The view of our camels moving past the steep orange dunes at Erg Chebbi in southeastern Morocco made for terrific photos, and when the Berber kid who was leading my camel Gerard saw me squirming and twisting in my saddle to take photos, he would spin my camel around to make my job easier. As time went on, the kid really got into it and would lead Gerard away from the group when he saw a photo opportunity looming, spin me around, and point out the view. The kid had an uncanny sense of what would make a terrific image, so when we finally said goodbye to our camel drivers, I slipped the kid my Swiss Army knife for all his help.
When we stopped for lunch that day, our drivers drew a game board in the sand and used stones and camel droppings to designate the light and dark pieces. The stones were the dark ones.
When we stopped for the day at tea time, we set up our campsite at the base of Erg Chebbi’s 800-foot dune.
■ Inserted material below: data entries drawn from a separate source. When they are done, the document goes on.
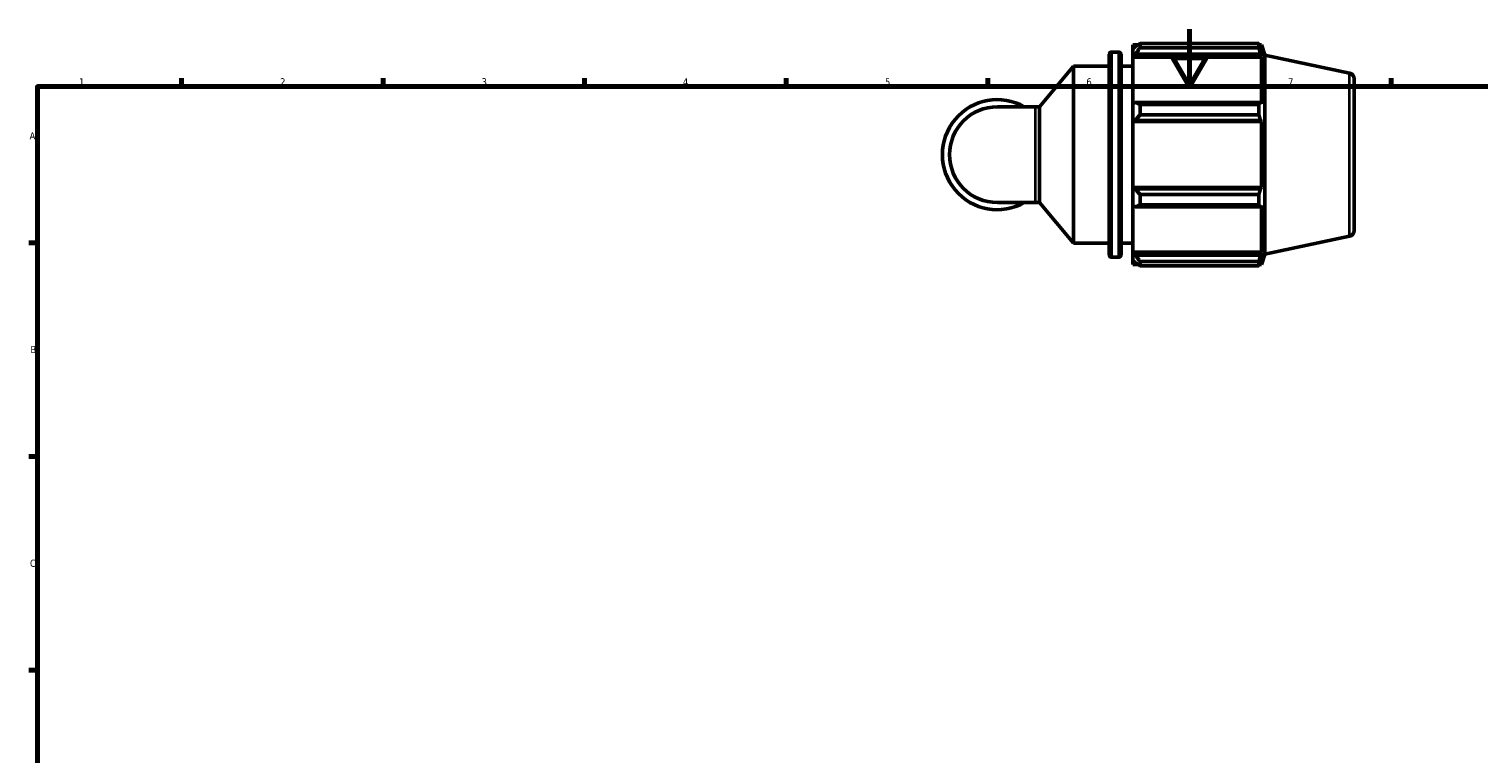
# Model space of a CAD drawing. Header units: millimetres. Extents: x 0 to 931, y 0 to 900.
# Tile 2 of 5: x 17 to 521, y 342 to 594. Entities that reach past the tile are written whole.
import ezdxf

# ---------------------------------------------------------------- set-up
doc = ezdxf.new("R2010")
doc.units = ezdxf.units.MM
for name, color, linetype, lineweight in [('Border (ISO)', 7, 'Continuous', 70), ('Visible (ISO)', 7, 'Continuous', 50), ('Visible Narrow (ISO)', 7, 'Continuous', 35)]:
    doc.layers.add(name, color=color, linetype=linetype, lineweight=lineweight)
doc.styles.add('Note Text (ISO)', font='tahoma.ttf')

# ---------------------------------------------------------------- blocks, each defined once
blk = doc.blocks.new('Borders Default Border')
at = {"layer": 'Border (ISO)'}
for p, q in [((70.08, 574), (70.08, 576.9)), ((140.17, 574), (140.17, 576.9)), ((210.25, 574), (210.25, 576.9)), ((280.33, 574), (280.33, 576.9)), ((350.42, 574), (350.42, 576.9)), ((490.58, 574), (490.58, 576.9)), ((20, 519.75), (17.1, 519.75)), ((20, 445.5), (17.1, 445.5)), ((20, 371.25), (17.1, 371.25))]:
    blk.add_line(p, q, dxfattribs=at)
at = {"layer": 'Border (ISO)', "flags": 128}
for points in [[(420.5, 594), (420.5, 574), (414.73, 584), (426.27, 584), (420.5, 574)], [(20, 20), (20, 574), (821, 574), (821, 20), (20, 20)]]:
    blk.add_lwpolyline(points, dxfattribs=at)
at = {"layer": 'Border (ISO)', "color": 232, "true_color": 0xca0064, "char_height": 2.5, "attachment_point": 7, "style": 'Note Text (ISO)'}
for s, insert in [('1', (34.48, 574.4)), ('2', (104.37, 574.4)), ('3', (174.43, 574.35)), ('4', (244.42, 574.4)), ('5', (314.64, 574.35)), ('6', (384.66, 574.35)), ('7', (454.77, 574.4)), ('A', (17.29, 555.62)), ('B', (17.59, 481.37)), ('C', (17.43, 407.08))]:
    blk.add_mtext(s, dxfattribs=dict(at, insert=insert))

msp = doc.modelspace()

# ---------------------------------------------------------------- linework, layer by layer
at = {"layer": 'Visible (ISO)'}
for p, q in [((392.583, 515.471), (392.583, 585.211)), ((393.383, 586.011), (395.916, 586.011)), ((396.716, 585.211), (396.716, 515.471)), ((400.849, 588.471), (400.849, 587.097)), ((400.849, 588.471), (402.595, 588.471)), ((401.669, 587.879), (400.849, 587.097)), ((400.849, 584.526), (400.849, 587.097)), ((400.849, 584.526), (401.669, 585.253)), ((401.669, 585.253), (445.179, 585.253)), ((403.309, 588.919), (403.309, 587.436)), ((403.309, 588.919), (444.646, 588.919)), ((444.646, 587.436), (403.309, 587.436)), ((444.646, 587.436), (444.646, 588.919)), ((444.879, 588.471), (445.579, 588.471)), ((445.579, 586.706), (445.179, 587.879)), ((445.179, 585.253), (445.579, 584.162)), ((446.729, 584.93), (445.579, 588.471)), ((445.579, 586.706), (445.579, 588.471)), ((446.729, 515.751), (446.729, 584.93)), ((476.145, 578.677), (446.729, 584.93)), ((368.33, 566.965), (380.183, 581.091)), ((380.183, 519.591), (380.183, 581.091)), ((380.183, 581.091), (392.583, 581.091)), ((396.716, 581.091), (400.849, 581.091)), ((400.849, 584.162), (400.849, 584.526)), ((400.849, 584.162), (400.849, 568.136)), ((400.849, 584.162), (445.579, 584.162)), ((445.579, 567.947), (445.579, 584.162)), ((477.729, 576.721), (477.729, 523.96)), ((367.029, 566.965), (353.729, 566.965)), ((367.029, 566.965), (368.33, 566.965)), ((368.33, 533.716), (368.33, 566.965)), ((401.669, 568.515), (400.849, 568.136)), ((400.849, 561.93), (400.849, 568.136)), ((445.179, 568.515), (401.669, 568.515)), ((403.309, 567.803), (403.309, 564.223)), ((403.309, 567.803), (444.646, 567.803)), ((444.646, 564.223), (444.646, 567.803)), ((445.579, 567.947), (445.179, 568.515)), ((400.849, 561.93), (401.669, 562.176)), ((400.849, 561.807), (400.849, 561.93)), ((400.849, 561.807), (400.849, 538.875)), ((400.849, 561.807), (445.579, 561.807)), ((401.669, 562.176), (445.179, 562.176)), ((444.646, 564.223), (403.309, 564.223)), ((445.179, 562.176), (445.579, 561.807)), ((445.579, 538.875), (445.579, 561.807)), ((400.849, 538.751), (400.849, 538.875)), ((400.849, 538.875), (445.579, 538.875)), ((400.849, 532.545), (400.849, 538.751)), ((401.669, 538.505), (400.849, 538.751)), ((445.179, 538.505), (401.669, 538.505)), ((403.309, 536.458), (403.309, 532.878)), ((403.309, 536.458), (444.646, 536.458)), ((444.646, 532.878), (444.646, 536.458)), ((445.579, 538.875), (445.179, 538.505)), ((353.729, 533.716), (367.029, 533.716)), ((367.029, 533.716), (368.33, 533.716)), ((368.33, 533.716), (380.183, 519.591)), ((400.849, 532.545), (401.669, 532.166)), ((400.849, 532.545), (400.849, 516.519)), ((401.669, 532.166), (445.179, 532.166)), ((444.646, 532.878), (403.309, 532.878)), ((445.179, 532.166), (445.579, 532.734)), ((445.579, 516.519), (445.579, 532.734)), ((380.183, 519.591), (392.583, 519.591)), ((396.716, 519.591), (400.849, 519.591)), ((476.145, 522.004), (446.729, 515.751)), ((393.383, 514.671), (395.916, 514.671)), ((400.849, 516.155), (400.849, 516.519)), ((400.849, 516.519), (445.579, 516.519)), ((400.849, 513.584), (400.849, 516.155)), ((401.669, 515.428), (400.849, 516.155)), ((445.179, 515.428), (401.669, 515.428)), ((445.579, 516.519), (445.179, 515.428)), ((446.729, 515.751), (445.579, 512.211)), ((400.849, 513.584), (401.669, 512.802)), ((400.849, 513.584), (400.849, 512.211)), ((400.849, 512.211), (402.595, 512.211)), ((403.309, 513.245), (403.309, 511.763)), ((403.309, 513.245), (444.646, 513.245)), ((444.646, 511.763), (403.309, 511.763)), ((444.646, 511.763), (444.646, 513.245)), ((444.879, 512.211), (445.579, 512.211)), ((445.179, 512.802), (445.579, 513.975)), ((445.579, 512.211), (445.579, 513.975))]:
    msp.add_line(p, q, dxfattribs=at)
for centre, radius, start, end in [((393.383, 585.211), 0.8, 90, 180), ((395.916, 585.211), 0.8, 0, 90), ((475.729, 576.721), 2, 0, 78), ((353.729, 550.341), 19.118, 60.40815, 299.59185), ((353.729, 550.341), 16.625, 90, 270), ((475.729, 523.96), 2, 282, 0), ((393.383, 515.471), 0.8, 180, 270), ((395.916, 515.471), 0.8, 270, 0)]:
    msp.add_arc(centre, radius, start, end, dxfattribs=at)
for points, weights in [([(403.309, 588.919), (402.457, 588.388), (401.669, 587.879)], [1.01785635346, 1.01261861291, 1.00658545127]), ([(401.669, 585.253), (402.457, 586.322), (403.309, 587.436)], [1.00658545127, 1.01261861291, 1.01785635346]), ([(444.646, 588.919), (444.923, 588.388), (445.179, 587.879)], [1, 1.00184242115, 1.00286889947]), ([(445.179, 585.253), (444.923, 586.322), (444.646, 587.436)], [1.00286889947, 1.00184242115, 1]), ([(403.309, 567.803), (402.457, 568.166), (401.669, 568.515)], [1.01785635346, 1.01261861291, 1.00658545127]), ([(444.646, 567.803), (444.923, 568.166), (445.179, 568.515)], [1, 1.00184242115, 1.00286889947]), ([(401.669, 562.176), (402.457, 563.179), (403.309, 564.223)], [1.00658545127, 1.01261861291, 1.01785635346]), ([(445.179, 562.176), (444.923, 563.179), (444.646, 564.223)], [1.00286889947, 1.00184242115, 1]), ([(403.309, 536.458), (402.457, 537.502), (401.669, 538.505)], [1.01785635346, 1.01261861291, 1.00658545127]), ([(444.646, 536.458), (444.923, 537.502), (445.179, 538.505)], [1, 1.00184242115, 1.00286889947]), ([(401.669, 532.166), (402.457, 532.515), (403.309, 532.878)], [1.00658545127, 1.01261861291, 1.01785635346]), ([(445.179, 532.166), (444.923, 532.515), (444.646, 532.878)], [1.00286889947, 1.00184242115, 1]), ([(403.309, 513.245), (402.457, 514.359), (401.669, 515.428)], [1.01785635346, 1.01261861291, 1.00658545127]), ([(444.646, 513.245), (444.923, 514.359), (445.179, 515.428)], [1, 1.00184242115, 1.00286889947]), ([(401.669, 512.802), (402.457, 512.293), (403.309, 511.763)], [1.00658545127, 1.01261861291, 1.01785635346]), ([(445.179, 512.802), (444.923, 512.293), (444.646, 511.763)], [1.00286889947, 1.00184242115, 1])]:
    msp.add_rational_spline(points, weights, degree=2, dxfattribs=at)
at = {"layer": 'Visible Narrow (ISO)'}
for p, q in [((393.383, 585.571), (393.383, 515.11)), ((395.916, 515.11), (395.916, 585.571)), ((476.145, 522.353), (476.145, 578.328)), ((367.029, 533.921), (367.029, 566.76))]:
    msp.add_line(p, q, dxfattribs=at)

# ---------------------------------------------------------------- block references
msp.add_blockref('Borders Default Border', (0, 0))

doc.saveas('drawing.dxf')

After tea, we shifted to wine; nothing like a mellow buzz on a warm, sunny afternoon in the Sahara. Within minutes, however, the wind began to blow, the temperature plummeted, and it began to rain. While we huddled out of the elements in our dining tent, we were served a lamb, vegetable, and potato tajine, and while the storm raged outside, we got to know one another other better by swapping our best stories.
The next morning we divided into teams. “A” team would hike over the 800-foot dune, and “B” team would ride camels around the dune. We would meet at a small oasis on the far side.
Because the rain had packed the dune, the climbing was a little easier, but it was still a struggle. Since we slid down one foot for every three we climbed, the 800-foot dune became a 1,200-foot dune. The view of the vast sweep of the Sahara from the top of that dune seemed to swallow up our rather insignificant camel caravan below.
Once over the crest of the dune, our view was of nothing but blue sky and orange dunes. The light on the dunes was flat except where spectacular sunlight poked through holes in the clouds and turned the dunes to a fiery orange.
Having climbed up 800 feet, we’d earned a chance to run down 800 feet. However, I lost my footing and tumbled “ass over tea kettle” for fifty yards. I was glad my camera was in a Ziplock baggie.
Once we rejoined “B” team, we led our camels out of the dunes to the tent where lunch was being served. While we ate, the sky over Algeria, forty kilometers to the east, became as black as coal, and rain fell in sheets. Dust devils danced across the plains just in front of us and made for great photos against the dark sky beyond.
Back on our camels, we made our way across the hammada, the flat, pebble-littered, hard-packed sand that covers 70% of the Sahara, to the main north-south, east-west intersection for that part of the desert. Where vague tire tracks formed a cross, a single white stone among the millions of black ones proved an adequate marker. We signaled for a left turn and followed the tracks west to a French cafe.
The back patio of the cafe overlooked a rent-a-camel lot, and we sat in the sun, happy to be off our camels for a while, and enjoyed our first soda in days.
The sun, which had clouded over during lunch, reappeared, and the last section of dunes was the most spectacular.
It was late afternoon when we said good-bye to our camel drivers, jumped back in the Land Rovers, and flew over the desert to Erfoud following tire tracks when we could find them and leaving our own when we couldn’t.